■ **What you have to do**
The required result is an exact copy of the lines from the one containing "Where is the" to the last line of the records, both ends included, without pictures.

■ **Data in this exercise**
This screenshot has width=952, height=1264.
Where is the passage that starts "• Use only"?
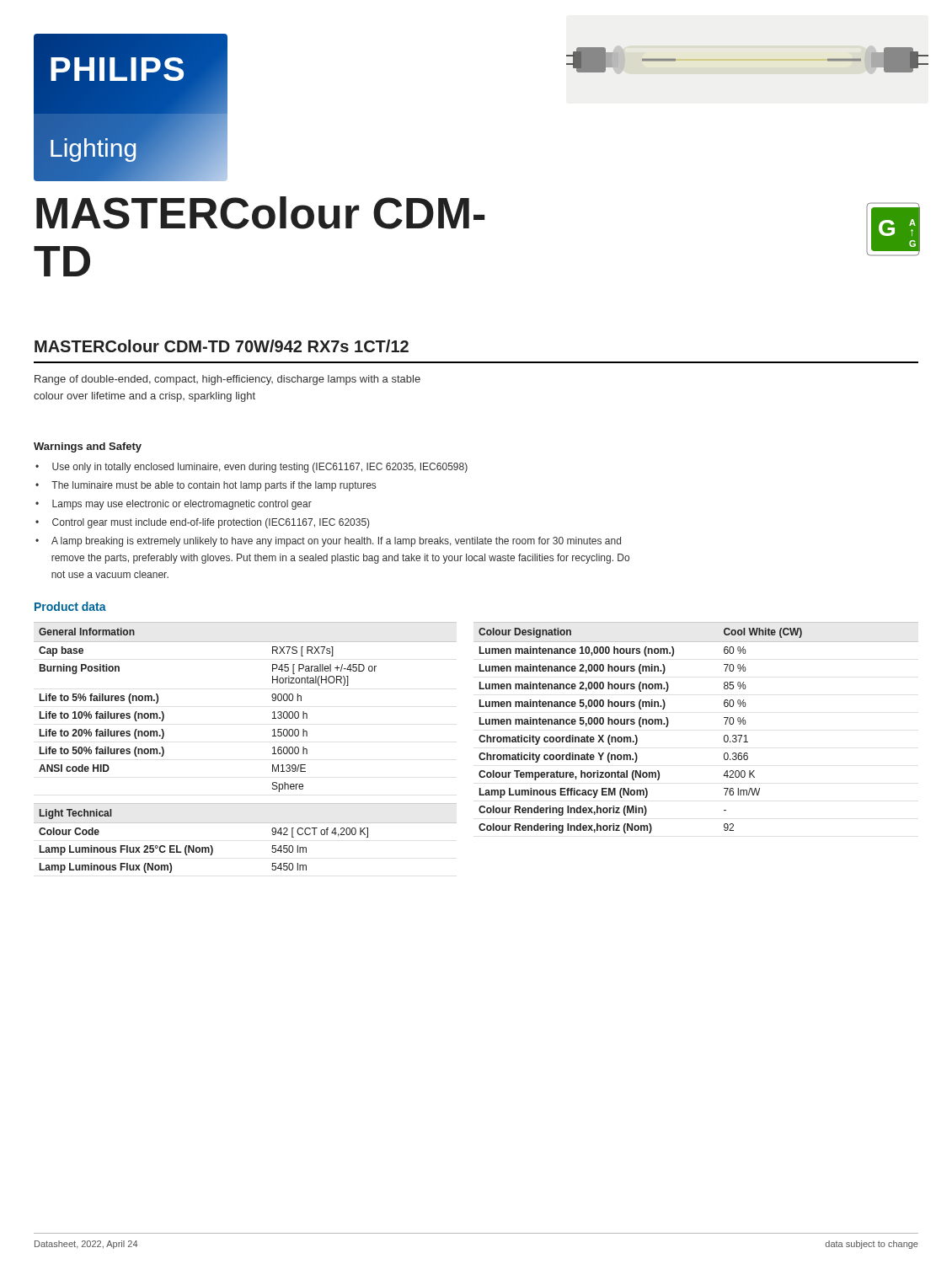pyautogui.click(x=252, y=467)
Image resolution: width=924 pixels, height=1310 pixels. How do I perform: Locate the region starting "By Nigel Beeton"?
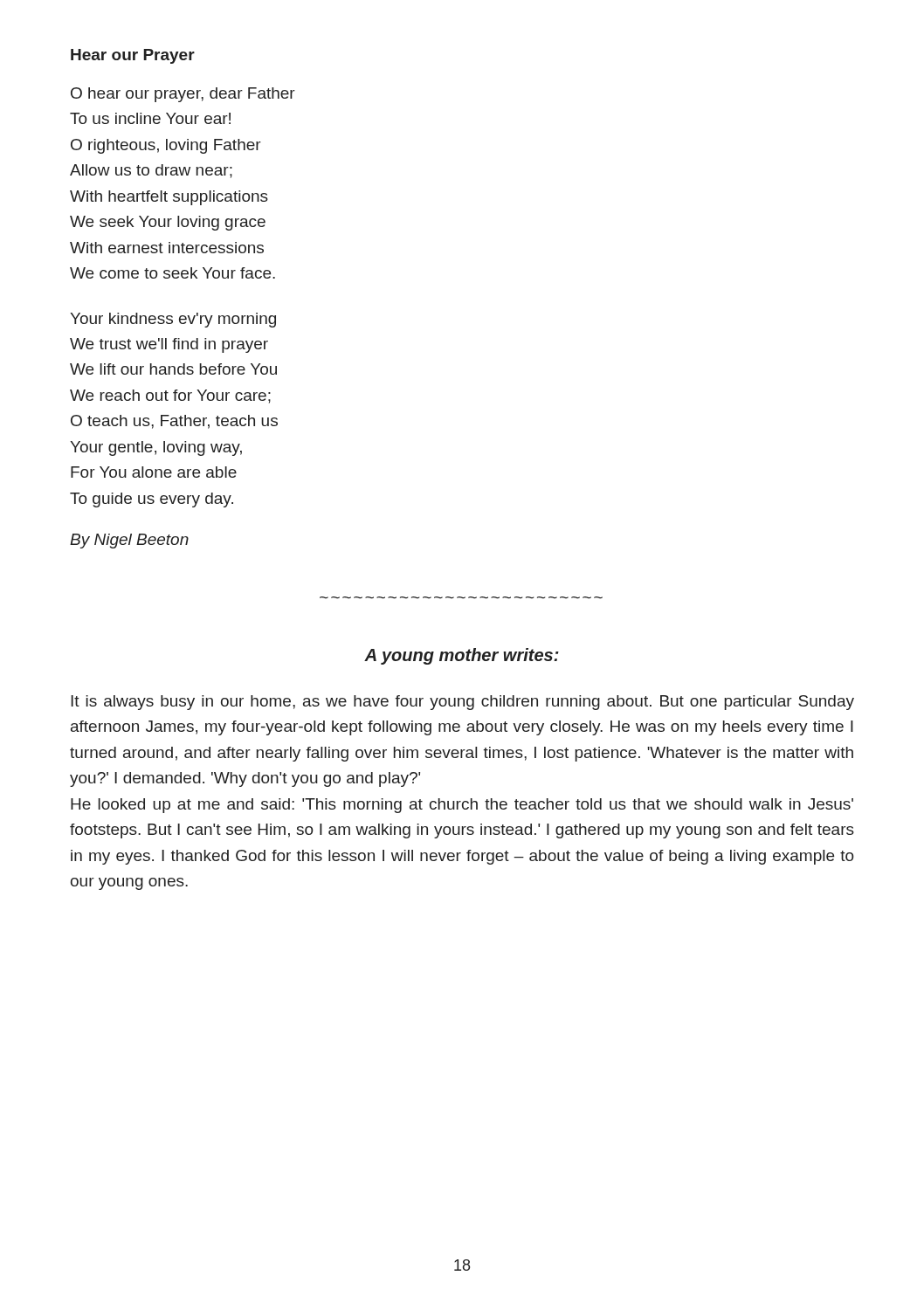(129, 539)

■ **Written reply**
Where is the passage that starts "• Use only"?
pyautogui.click(x=252, y=467)
Image resolution: width=924 pixels, height=1310 pixels. How do I perform: Locate the region starting "By Nigel Beeton"?
(129, 539)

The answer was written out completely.